--- Given entries ---
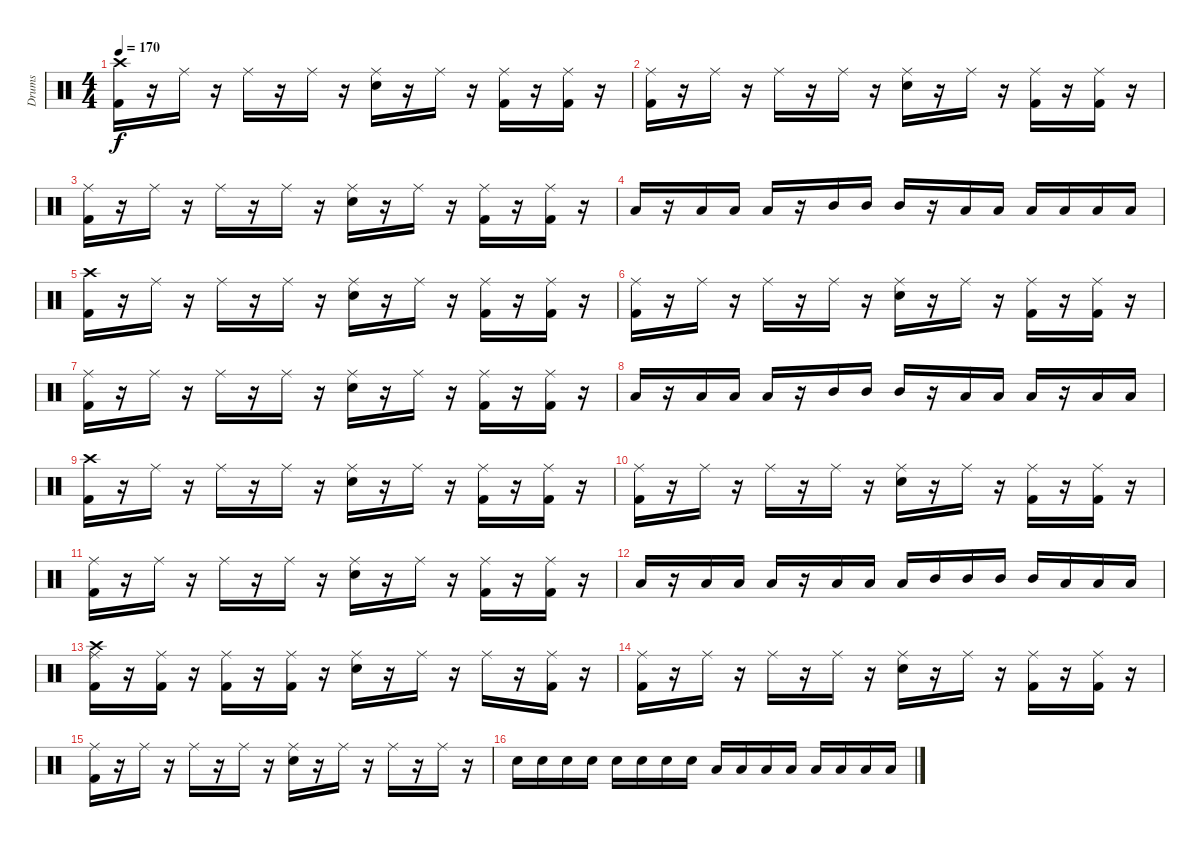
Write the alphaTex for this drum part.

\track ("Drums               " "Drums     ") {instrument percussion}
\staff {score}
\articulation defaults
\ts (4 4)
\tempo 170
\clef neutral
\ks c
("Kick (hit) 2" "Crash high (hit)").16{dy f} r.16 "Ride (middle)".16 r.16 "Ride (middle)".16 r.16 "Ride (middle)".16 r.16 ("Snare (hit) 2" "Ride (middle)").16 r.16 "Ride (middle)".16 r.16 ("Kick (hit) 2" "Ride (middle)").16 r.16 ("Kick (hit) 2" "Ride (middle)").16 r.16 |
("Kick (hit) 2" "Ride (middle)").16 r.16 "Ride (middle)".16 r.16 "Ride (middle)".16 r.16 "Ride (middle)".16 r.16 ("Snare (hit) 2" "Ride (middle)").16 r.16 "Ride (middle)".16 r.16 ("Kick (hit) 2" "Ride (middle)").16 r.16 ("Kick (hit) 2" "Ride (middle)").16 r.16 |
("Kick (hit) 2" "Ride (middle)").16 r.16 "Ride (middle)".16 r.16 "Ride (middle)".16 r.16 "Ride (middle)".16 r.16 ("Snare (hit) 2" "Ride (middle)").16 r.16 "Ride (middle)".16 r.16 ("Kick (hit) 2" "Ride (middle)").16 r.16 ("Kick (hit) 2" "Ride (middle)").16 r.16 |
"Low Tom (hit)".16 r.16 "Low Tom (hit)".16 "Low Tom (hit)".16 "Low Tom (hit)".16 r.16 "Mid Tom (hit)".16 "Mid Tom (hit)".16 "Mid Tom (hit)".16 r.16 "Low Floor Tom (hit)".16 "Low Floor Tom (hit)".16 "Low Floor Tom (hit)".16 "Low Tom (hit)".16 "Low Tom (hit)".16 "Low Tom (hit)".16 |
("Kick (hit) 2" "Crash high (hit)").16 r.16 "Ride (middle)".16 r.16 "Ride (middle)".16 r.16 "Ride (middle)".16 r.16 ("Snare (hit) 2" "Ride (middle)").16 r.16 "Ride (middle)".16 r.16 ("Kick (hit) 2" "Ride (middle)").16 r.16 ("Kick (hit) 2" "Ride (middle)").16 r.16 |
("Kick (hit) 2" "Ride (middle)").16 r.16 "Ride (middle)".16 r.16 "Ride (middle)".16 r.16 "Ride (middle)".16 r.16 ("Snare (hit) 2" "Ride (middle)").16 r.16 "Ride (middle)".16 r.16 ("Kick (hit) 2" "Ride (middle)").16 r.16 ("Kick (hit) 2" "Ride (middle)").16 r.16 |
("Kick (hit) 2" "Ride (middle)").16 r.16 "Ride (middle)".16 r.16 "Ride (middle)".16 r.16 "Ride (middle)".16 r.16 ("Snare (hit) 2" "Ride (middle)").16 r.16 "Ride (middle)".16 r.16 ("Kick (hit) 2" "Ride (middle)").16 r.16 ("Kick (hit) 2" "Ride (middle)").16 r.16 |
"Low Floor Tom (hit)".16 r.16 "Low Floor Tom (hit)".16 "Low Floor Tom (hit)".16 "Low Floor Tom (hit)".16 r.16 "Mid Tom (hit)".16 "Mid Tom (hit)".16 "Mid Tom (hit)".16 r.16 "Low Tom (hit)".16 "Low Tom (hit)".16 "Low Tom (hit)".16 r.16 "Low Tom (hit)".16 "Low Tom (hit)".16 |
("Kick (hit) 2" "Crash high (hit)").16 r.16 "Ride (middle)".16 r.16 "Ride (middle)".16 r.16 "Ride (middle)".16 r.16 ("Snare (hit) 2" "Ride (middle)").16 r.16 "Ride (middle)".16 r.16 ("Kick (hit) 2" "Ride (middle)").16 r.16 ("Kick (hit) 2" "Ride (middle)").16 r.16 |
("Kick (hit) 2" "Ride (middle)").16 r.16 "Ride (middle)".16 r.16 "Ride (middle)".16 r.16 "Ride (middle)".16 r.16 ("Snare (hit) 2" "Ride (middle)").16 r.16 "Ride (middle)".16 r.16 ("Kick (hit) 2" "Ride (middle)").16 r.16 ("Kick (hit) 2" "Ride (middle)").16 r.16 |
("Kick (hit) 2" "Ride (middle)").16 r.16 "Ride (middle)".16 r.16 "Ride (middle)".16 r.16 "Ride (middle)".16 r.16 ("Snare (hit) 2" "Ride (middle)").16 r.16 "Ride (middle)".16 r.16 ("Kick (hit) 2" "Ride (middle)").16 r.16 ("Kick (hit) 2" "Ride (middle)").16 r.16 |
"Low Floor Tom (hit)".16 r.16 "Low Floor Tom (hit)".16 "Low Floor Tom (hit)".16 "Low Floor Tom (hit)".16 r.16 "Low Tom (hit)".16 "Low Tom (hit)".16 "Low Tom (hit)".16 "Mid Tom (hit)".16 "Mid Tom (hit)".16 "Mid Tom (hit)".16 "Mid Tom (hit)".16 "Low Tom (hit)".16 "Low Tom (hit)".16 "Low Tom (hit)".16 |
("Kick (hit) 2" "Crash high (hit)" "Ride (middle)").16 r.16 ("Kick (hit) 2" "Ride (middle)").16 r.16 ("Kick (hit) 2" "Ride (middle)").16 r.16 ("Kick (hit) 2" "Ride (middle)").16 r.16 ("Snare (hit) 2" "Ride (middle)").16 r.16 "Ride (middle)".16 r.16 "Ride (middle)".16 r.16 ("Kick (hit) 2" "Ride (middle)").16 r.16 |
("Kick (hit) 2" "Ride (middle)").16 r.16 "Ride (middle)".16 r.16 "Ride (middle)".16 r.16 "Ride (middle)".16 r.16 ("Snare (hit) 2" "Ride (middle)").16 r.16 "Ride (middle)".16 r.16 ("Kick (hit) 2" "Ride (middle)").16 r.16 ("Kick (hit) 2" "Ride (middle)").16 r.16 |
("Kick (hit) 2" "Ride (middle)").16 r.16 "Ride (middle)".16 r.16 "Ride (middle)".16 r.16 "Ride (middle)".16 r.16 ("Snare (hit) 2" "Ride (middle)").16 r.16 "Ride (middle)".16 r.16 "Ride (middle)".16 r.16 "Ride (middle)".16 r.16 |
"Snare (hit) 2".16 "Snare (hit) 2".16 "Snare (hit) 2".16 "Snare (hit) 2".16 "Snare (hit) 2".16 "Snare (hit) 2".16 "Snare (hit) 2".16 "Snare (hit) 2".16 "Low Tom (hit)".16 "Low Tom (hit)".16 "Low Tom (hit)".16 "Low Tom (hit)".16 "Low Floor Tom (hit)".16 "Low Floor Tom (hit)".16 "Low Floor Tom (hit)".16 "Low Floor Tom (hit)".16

--- Problem ---
Output the records above in their entirety and exactly, leaving out all images.

--- The completed task ---
Write the alphaTex for this drum part.

\track ("Drums               " "Drums     ") {instrument percussion}
\staff {score}
\articulation defaults
\ts (4 4)
\tempo 170
\clef neutral
\ks c
("Kick (hit) 2" "Crash high (hit)").16{dy f} r.16 "Ride (middle)".16 r.16 "Ride (middle)".16 r.16 "Ride (middle)".16 r.16 ("Snare (hit) 2" "Ride (middle)").16 r.16 "Ride (middle)".16 r.16 ("Kick (hit) 2" "Ride (middle)").16 r.16 ("Kick (hit) 2" "Ride (middle)").16 r.16 |
("Kick (hit) 2" "Ride (middle)").16 r.16 "Ride (middle)".16 r.16 "Ride (middle)".16 r.16 "Ride (middle)".16 r.16 ("Snare (hit) 2" "Ride (middle)").16 r.16 "Ride (middle)".16 r.16 ("Kick (hit) 2" "Ride (middle)").16 r.16 ("Kick (hit) 2" "Ride (middle)").16 r.16 |
("Kick (hit) 2" "Ride (middle)").16 r.16 "Ride (middle)".16 r.16 "Ride (middle)".16 r.16 "Ride (middle)".16 r.16 ("Snare (hit) 2" "Ride (middle)").16 r.16 "Ride (middle)".16 r.16 ("Kick (hit) 2" "Ride (middle)").16 r.16 ("Kick (hit) 2" "Ride (middle)").16 r.16 |
"Low Tom (hit)".16 r.16 "Low Tom (hit)".16 "Low Tom (hit)".16 "Low Tom (hit)".16 r.16 "Mid Tom (hit)".16 "Mid Tom (hit)".16 "Mid Tom (hit)".16 r.16 "Low Floor Tom (hit)".16 "Low Floor Tom (hit)".16 "Low Floor Tom (hit)".16 "Low Tom (hit)".16 "Low Tom (hit)".16 "Low Tom (hit)".16 |
("Kick (hit) 2" "Crash high (hit)").16 r.16 "Ride (middle)".16 r.16 "Ride (middle)".16 r.16 "Ride (middle)".16 r.16 ("Snare (hit) 2" "Ride (middle)").16 r.16 "Ride (middle)".16 r.16 ("Kick (hit) 2" "Ride (middle)").16 r.16 ("Kick (hit) 2" "Ride (middle)").16 r.16 |
("Kick (hit) 2" "Ride (middle)").16 r.16 "Ride (middle)".16 r.16 "Ride (middle)".16 r.16 "Ride (middle)".16 r.16 ("Snare (hit) 2" "Ride (middle)").16 r.16 "Ride (middle)".16 r.16 ("Kick (hit) 2" "Ride (middle)").16 r.16 ("Kick (hit) 2" "Ride (middle)").16 r.16 |
("Kick (hit) 2" "Ride (middle)").16 r.16 "Ride (middle)".16 r.16 "Ride (middle)".16 r.16 "Ride (middle)".16 r.16 ("Snare (hit) 2" "Ride (middle)").16 r.16 "Ride (middle)".16 r.16 ("Kick (hit) 2" "Ride (middle)").16 r.16 ("Kick (hit) 2" "Ride (middle)").16 r.16 |
"Low Floor Tom (hit)".16 r.16 "Low Floor Tom (hit)".16 "Low Floor Tom (hit)".16 "Low Floor Tom (hit)".16 r.16 "Mid Tom (hit)".16 "Mid Tom (hit)".16 "Mid Tom (hit)".16 r.16 "Low Tom (hit)".16 "Low Tom (hit)".16 "Low Tom (hit)".16 r.16 "Low Tom (hit)".16 "Low Tom (hit)".16 |
("Kick (hit) 2" "Crash high (hit)").16 r.16 "Ride (middle)".16 r.16 "Ride (middle)".16 r.16 "Ride (middle)".16 r.16 ("Snare (hit) 2" "Ride (middle)").16 r.16 "Ride (middle)".16 r.16 ("Kick (hit) 2" "Ride (middle)").16 r.16 ("Kick (hit) 2" "Ride (middle)").16 r.16 |
("Kick (hit) 2" "Ride (middle)").16 r.16 "Ride (middle)".16 r.16 "Ride (middle)".16 r.16 "Ride (middle)".16 r.16 ("Snare (hit) 2" "Ride (middle)").16 r.16 "Ride (middle)".16 r.16 ("Kick (hit) 2" "Ride (middle)").16 r.16 ("Kick (hit) 2" "Ride (middle)").16 r.16 |
("Kick (hit) 2" "Ride (middle)").16 r.16 "Ride (middle)".16 r.16 "Ride (middle)".16 r.16 "Ride (middle)".16 r.16 ("Snare (hit) 2" "Ride (middle)").16 r.16 "Ride (middle)".16 r.16 ("Kick (hit) 2" "Ride (middle)").16 r.16 ("Kick (hit) 2" "Ride (middle)").16 r.16 |
"Low Floor Tom (hit)".16 r.16 "Low Floor Tom (hit)".16 "Low Floor Tom (hit)".16 "Low Floor Tom (hit)".16 r.16 "Low Tom (hit)".16 "Low Tom (hit)".16 "Low Tom (hit)".16 "Mid Tom (hit)".16 "Mid Tom (hit)".16 "Mid Tom (hit)".16 "Mid Tom (hit)".16 "Low Tom (hit)".16 "Low Tom (hit)".16 "Low Tom (hit)".16 |
("Kick (hit) 2" "Crash high (hit)" "Ride (middle)").16 r.16 ("Kick (hit) 2" "Ride (middle)").16 r.16 ("Kick (hit) 2" "Ride (middle)").16 r.16 ("Kick (hit) 2" "Ride (middle)").16 r.16 ("Snare (hit) 2" "Ride (middle)").16 r.16 "Ride (middle)".16 r.16 "Ride (middle)".16 r.16 ("Kick (hit) 2" "Ride (middle)").16 r.16 |
("Kick (hit) 2" "Ride (middle)").16 r.16 "Ride (middle)".16 r.16 "Ride (middle)".16 r.16 "Ride (middle)".16 r.16 ("Snare (hit) 2" "Ride (middle)").16 r.16 "Ride (middle)".16 r.16 ("Kick (hit) 2" "Ride (middle)").16 r.16 ("Kick (hit) 2" "Ride (middle)").16 r.16 |
("Kick (hit) 2" "Ride (middle)").16 r.16 "Ride (middle)".16 r.16 "Ride (middle)".16 r.16 "Ride (middle)".16 r.16 ("Snare (hit) 2" "Ride (middle)").16 r.16 "Ride (middle)".16 r.16 "Ride (middle)".16 r.16 "Ride (middle)".16 r.16 |
"Snare (hit) 2".16 "Snare (hit) 2".16 "Snare (hit) 2".16 "Snare (hit) 2".16 "Snare (hit) 2".16 "Snare (hit) 2".16 "Snare (hit) 2".16 "Snare (hit) 2".16 "Low Tom (hit)".16 "Low Tom (hit)".16 "Low Tom (hit)".16 "Low Tom (hit)".16 "Low Floor Tom (hit)".16 "Low Floor Tom (hit)".16 "Low Floor Tom (hit)".16 "Low Floor Tom (hit)".16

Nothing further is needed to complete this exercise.